# How to run REINVENT

Clone the reinvent-benchmarking github repo. More details found there.

In [None]:
!git clone https://github.com/gkwt/reinvent-benchmarking.git

## Define fitness function from tartarus

Add the fitness function into the `custom.py` file of the repo.
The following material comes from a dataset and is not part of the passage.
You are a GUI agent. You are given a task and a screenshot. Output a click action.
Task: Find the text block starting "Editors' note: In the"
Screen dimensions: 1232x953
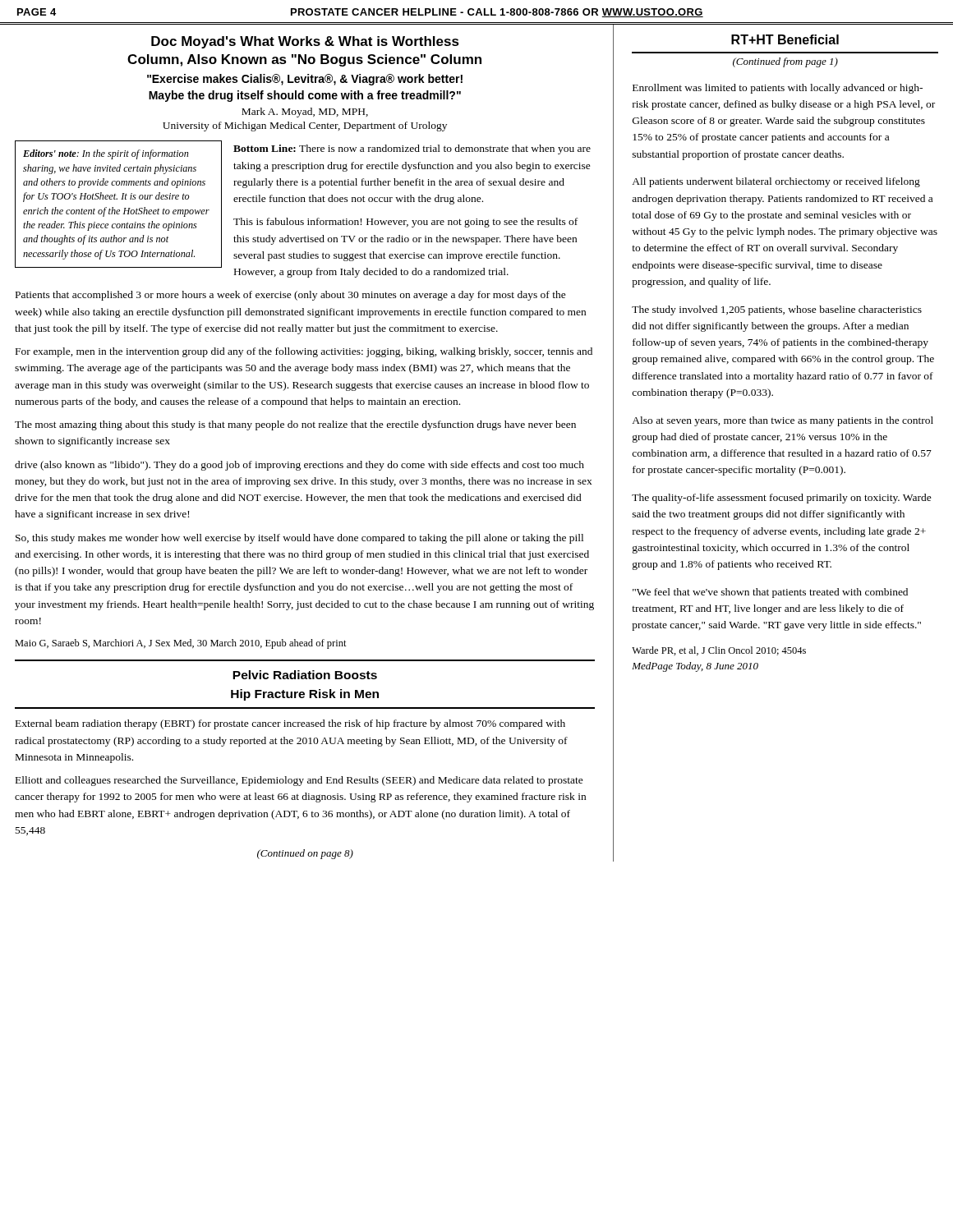tap(116, 204)

Default is the logP fitness function.

In [None]:
import sys, os
ROOT_DIR = '..'
sys.path.append(ROOT_DIR)
sys.path.append('reinvent-benchmarking')


from tartarus import pce

def fitness_function(smi: str):
    dipole, hl_gap, lumo, obj, pce_1, pce_2, sas = pce.get_properties(smi)
    return pce_1 - sas

## Get the imports

In [None]:
import os, sys
import pandas as pd

from data_structs import canonicalize_smiles_from_file, construct_vocabulary, write_smiles_to_file
from train_prior import pretrain
from train_agent import train_agent

## Prepare the dataset and vocabulary

In [None]:

data_path = os.path.join(ROOT_DIR, 'datasets')
filename = 'hce.csv'
sep = ','
header = 'infer'
smile_name = 'smiles'

# dataset load
fname = os.path.join(data_path, filename)
data = pd.read_csv(fname, sep=sep, header=header)
smiles = data[smile_name]

if not os.path.isdir('data'):
    os.mkdir('data')

# create smi file
with open(os.path.join('data', 'data.smi'), 'w') as f:
    for smi in smiles:
        f.write(smi+'\n')

smiles_file = 'data/data.smi'
print("Reading smiles...")
smiles_list = canonicalize_smiles_from_file(smiles_file)
print("Constructing vocabulary...")
voc_chars = construct_vocabulary(smiles_list)
write_smiles_to_file(smiles_list, "data/mols_filtered.smi")

## Pretrain the network

In [None]:
num_epochs = 100
verbose = False
train_ratio = 0.8

pretrain(num_epochs=num_epochs, verbose=verbose, train_ratio=train_ratio)

## Start climbing algorithm for REINVENT

In [None]:
train_agent(
    scoring_function='custom_score',
    batch_size = 500,
    n_steps = 10
)